July 9, 2014

Elasticsearch Plugin Types

UPDATE: This article refers to our hosted Elasticsearch offering by an older name, Found. Please note that Found is now known as Elastic Cloud.

In order to write a great plugin, we need to have an overview of the different plugin types and scopes Elasticsearch has made available to us. This article gives a rundown of these and also some tips on how to write a 'well behaved' plugin.

Introduction

Plugins make up an important part of the Elasticsearch ecosystem, and plugin authors are allowed to redefine or add - and even remove - functionality to/from Elasticsearch. In Writing an Elasticsearch Plugin: Getting Started we showed how to start developing a plugin from scratch; this time around we’re going to look at the different scopes a plugin can add functionality to.

Initialization

Plugins are discovered by looking for plugin definition files within the Java classpath of the Elasticsearch process. These provide the exact class names of the Plugin subclasses that Elasticsearch then loads and initializes. This process is described here. After being loaded, Elasticsearch will call certain methods on the Plugin instances depending on the scope the plugin currently can affect.

Plugin Component Scopes

In essence, there’s three levels, or scopes, of components that plugins may provide. These scopes are:

Global
Index
Shard

The scopes determine when the components they define are used. Global scope is used whenever the associated Elasticsearch instance is initializing, index scope whenever an index is created (or opened after being closed), and shard for every shard started on the given node. This feature allows different functionality to be attached to different indexes (or even shards) within the same Elasticsearch cluster.

Plugin Component Types

Each of the scopes has two kinds of components:

Module
Service

Modules are actually Guice modules that usually “bind” classes to implementations. Often, this simply implies that one or more instances of the class will be instantiated at a later time, when it’s required. An introduction to Guice is outside the scope of this article, but interested developers can find multiple tutorials and great introductions to the Guice framework here.

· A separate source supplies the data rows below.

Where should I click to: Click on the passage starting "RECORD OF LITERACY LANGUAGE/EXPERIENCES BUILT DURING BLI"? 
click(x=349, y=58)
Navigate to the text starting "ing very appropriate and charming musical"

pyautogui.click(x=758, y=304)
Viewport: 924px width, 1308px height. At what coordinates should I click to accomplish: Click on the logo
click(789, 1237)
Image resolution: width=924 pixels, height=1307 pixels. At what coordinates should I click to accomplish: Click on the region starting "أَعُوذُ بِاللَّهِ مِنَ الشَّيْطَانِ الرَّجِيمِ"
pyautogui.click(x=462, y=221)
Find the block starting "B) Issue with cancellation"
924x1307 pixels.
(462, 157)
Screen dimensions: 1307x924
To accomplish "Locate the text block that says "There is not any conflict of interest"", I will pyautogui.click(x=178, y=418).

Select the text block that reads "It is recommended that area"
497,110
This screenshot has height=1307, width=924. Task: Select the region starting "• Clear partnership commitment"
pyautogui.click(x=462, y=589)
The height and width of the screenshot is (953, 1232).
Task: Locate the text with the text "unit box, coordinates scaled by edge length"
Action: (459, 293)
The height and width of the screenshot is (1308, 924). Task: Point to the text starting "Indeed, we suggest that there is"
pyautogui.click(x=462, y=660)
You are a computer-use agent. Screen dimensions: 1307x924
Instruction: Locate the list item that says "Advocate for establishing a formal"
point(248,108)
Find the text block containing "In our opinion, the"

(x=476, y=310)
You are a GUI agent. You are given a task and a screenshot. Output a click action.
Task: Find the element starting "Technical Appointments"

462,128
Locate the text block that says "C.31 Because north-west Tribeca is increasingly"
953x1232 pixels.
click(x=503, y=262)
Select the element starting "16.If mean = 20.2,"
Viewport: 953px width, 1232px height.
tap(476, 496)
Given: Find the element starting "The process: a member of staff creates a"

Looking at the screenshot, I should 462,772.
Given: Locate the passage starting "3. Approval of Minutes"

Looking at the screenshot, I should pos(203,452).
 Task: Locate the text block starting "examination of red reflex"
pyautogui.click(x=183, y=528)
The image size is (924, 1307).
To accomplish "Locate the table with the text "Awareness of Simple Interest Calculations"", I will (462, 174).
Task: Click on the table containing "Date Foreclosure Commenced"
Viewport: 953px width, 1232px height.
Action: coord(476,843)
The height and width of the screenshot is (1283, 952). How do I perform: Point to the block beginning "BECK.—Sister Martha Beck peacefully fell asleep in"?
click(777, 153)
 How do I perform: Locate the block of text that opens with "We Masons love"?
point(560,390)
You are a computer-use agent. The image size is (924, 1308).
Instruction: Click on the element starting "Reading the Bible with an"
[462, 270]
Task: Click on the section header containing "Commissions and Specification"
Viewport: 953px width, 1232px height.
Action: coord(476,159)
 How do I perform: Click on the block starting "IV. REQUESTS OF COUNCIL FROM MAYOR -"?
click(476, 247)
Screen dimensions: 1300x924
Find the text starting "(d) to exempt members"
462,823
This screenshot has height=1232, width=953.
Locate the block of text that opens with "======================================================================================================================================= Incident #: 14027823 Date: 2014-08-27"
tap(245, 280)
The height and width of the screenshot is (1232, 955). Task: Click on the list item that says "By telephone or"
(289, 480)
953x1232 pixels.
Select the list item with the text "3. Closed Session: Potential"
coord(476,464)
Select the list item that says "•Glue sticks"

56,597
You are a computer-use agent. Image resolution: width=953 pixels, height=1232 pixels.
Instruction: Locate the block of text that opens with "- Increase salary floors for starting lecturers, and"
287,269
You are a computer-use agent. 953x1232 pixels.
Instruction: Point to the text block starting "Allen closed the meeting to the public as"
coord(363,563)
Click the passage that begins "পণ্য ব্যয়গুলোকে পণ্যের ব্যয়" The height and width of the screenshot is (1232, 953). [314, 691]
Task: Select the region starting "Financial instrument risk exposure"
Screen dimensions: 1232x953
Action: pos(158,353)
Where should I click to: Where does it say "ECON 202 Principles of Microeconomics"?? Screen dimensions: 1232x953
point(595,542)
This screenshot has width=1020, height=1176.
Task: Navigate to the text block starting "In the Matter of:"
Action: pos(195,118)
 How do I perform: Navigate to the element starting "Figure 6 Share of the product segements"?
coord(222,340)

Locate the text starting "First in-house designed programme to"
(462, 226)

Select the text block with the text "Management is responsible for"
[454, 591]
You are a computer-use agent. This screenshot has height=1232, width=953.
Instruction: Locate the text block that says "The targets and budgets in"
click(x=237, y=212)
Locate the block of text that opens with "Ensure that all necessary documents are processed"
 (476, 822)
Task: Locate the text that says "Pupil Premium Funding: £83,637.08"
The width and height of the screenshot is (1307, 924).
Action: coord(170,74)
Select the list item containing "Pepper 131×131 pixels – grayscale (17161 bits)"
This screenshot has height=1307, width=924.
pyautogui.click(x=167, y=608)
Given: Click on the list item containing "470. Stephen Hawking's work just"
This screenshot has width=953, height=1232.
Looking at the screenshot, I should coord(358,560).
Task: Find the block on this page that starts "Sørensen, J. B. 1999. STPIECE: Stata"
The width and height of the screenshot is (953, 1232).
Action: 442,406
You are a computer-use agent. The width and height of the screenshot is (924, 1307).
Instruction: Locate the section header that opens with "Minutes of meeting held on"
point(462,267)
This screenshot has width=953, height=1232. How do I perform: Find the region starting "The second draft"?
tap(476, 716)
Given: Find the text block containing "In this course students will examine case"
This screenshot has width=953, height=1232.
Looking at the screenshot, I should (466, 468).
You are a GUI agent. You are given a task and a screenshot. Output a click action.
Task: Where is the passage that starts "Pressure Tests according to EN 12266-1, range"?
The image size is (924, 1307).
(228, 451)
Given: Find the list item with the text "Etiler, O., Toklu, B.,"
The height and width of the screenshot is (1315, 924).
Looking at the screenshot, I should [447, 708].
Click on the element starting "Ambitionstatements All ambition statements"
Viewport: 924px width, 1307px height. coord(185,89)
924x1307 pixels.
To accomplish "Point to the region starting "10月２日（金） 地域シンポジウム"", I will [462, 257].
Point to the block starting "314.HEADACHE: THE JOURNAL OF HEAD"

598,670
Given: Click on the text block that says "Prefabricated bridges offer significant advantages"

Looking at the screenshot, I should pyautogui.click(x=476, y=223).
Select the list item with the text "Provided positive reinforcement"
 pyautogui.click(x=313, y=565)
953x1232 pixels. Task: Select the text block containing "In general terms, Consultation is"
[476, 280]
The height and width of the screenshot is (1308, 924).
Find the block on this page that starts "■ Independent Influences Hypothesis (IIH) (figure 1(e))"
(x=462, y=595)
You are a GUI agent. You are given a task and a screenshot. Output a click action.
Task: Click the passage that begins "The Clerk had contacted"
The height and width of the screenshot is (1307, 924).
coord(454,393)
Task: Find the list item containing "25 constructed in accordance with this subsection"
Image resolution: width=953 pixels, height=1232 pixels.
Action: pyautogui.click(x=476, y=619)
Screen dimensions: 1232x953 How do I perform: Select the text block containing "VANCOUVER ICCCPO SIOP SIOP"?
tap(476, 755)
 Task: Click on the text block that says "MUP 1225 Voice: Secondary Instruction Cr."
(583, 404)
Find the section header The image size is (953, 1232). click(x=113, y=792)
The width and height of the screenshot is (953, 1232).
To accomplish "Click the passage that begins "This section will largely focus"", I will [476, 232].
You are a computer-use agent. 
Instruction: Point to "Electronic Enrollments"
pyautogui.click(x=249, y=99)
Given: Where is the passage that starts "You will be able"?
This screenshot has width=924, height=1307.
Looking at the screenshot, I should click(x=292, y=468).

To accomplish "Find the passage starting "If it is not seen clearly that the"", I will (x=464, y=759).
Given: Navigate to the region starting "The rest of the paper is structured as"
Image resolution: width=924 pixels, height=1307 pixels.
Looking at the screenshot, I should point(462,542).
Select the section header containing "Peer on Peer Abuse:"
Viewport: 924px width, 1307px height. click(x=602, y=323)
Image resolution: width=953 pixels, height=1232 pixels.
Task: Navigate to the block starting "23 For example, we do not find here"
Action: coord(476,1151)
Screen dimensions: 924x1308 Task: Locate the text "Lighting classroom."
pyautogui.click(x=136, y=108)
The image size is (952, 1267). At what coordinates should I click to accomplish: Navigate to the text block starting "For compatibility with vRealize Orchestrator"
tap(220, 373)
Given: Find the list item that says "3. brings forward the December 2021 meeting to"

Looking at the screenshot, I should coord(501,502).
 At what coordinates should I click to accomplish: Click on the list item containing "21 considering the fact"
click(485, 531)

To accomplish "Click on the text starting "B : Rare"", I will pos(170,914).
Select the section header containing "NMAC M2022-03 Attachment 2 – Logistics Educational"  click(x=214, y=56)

Services are anything that starts and may be stopped at a later time. Services in the global scope are implementations of LifecycleComponent, which has two important methods:start andstop that are invoked by Elasticsearch when it starts and stops respectively.

Plugins also get notified when Modules are created, which enables calling public methods on the modules before they’re used. The most common use case of this is registering additional analyzers, tokenizers or token filters on the AnalysisModule.

For an overview over which modules are available, have a look at Elasticsearch Internals: An Overview.

Additionally, plugins are allowed to provide additional settings that may be used by both Elasticsearch core and other plugins/modules.

Creating and Freeing Resources

Classes instantiated via modules may of course contain start/stop logic as well, but they have to perform their own bookkeeping, for example by registering a LifecycleListener on an external LifecycleComponent. It’s generally considered good practice to avoid doing heavy lifting or spawning threads during initialization, and rather use LifecycleComponent callbacks to actually create and - more importantly - stop and clean up resources when they’re no longer required. Not freeing resources when a module is no longer required, for example for shard scoped modules, may lead to memory leaks.

Overview of `Plugin` methods and what kind they define.
Method	Kind
modules()	Module
services()	LifecycleComponent
indexModules	Module
indexServices()	CloseableIndexComponent
shardModules()	Module
shardServices()	CloseableIndexComponent

In the above table, notice that index and shard services are not actually LifecycleComponents or ClosableIndexComponents. The difference between them is that the index and shard services are implicitly started when they are created, due to their nature (they’re only invoked when required).

Limitations

Not all functionality in Elasticsearch is currently intended (or even possible) to be extended or replaced. Some pieces of functionality are commonly either properly named with the Internal prefix, such as InternalNode and InternalTransportClient, hard-coded via Guice-bindings in a module (and not configurable) or not separated into the common interface/implementation pairs.

One example of a commonly used service that is not possible to replace or extend by writing a plugin is the ClusterService. This service is responsible for maintaining and handling updates to the cluster state, as well as notifying cluster state listeners about any changes. The binding of this service is hard-coded into Elasticsearch and is not configurable.

Another example is the TransportService. The TransportService is responsible for handling the connections to the other instances in the cluster, sending requests to the other nodes and providing the caller with the response via a callback. While it is possible to configure Elasticsearch to bind a different implementation by using the transport.service.type-configuration key, the TransportService is a class, not an interface, and is used extensively in different parts of the Elasticsearch code-base, so a significantly different implementation would be difficult since there’s a lot of compatibility that has to be kept.

Conclusion

At Found we see a lot of different use cases for plugins, ranging from simply providing word lists to custom rivers to adding support for new and exciting analyzers to Elasticsearch.

Found has a set of officially supported plugins, and the list of known Elasticsearch plugins keeps growing.

Plugins are a source of almost endless possibilities of extensions to Elasticsearch and is a great way to provide additional functionality to Elasticsearch without having to run a custom fork. We can’t wait to see what plugins the community comes up with next!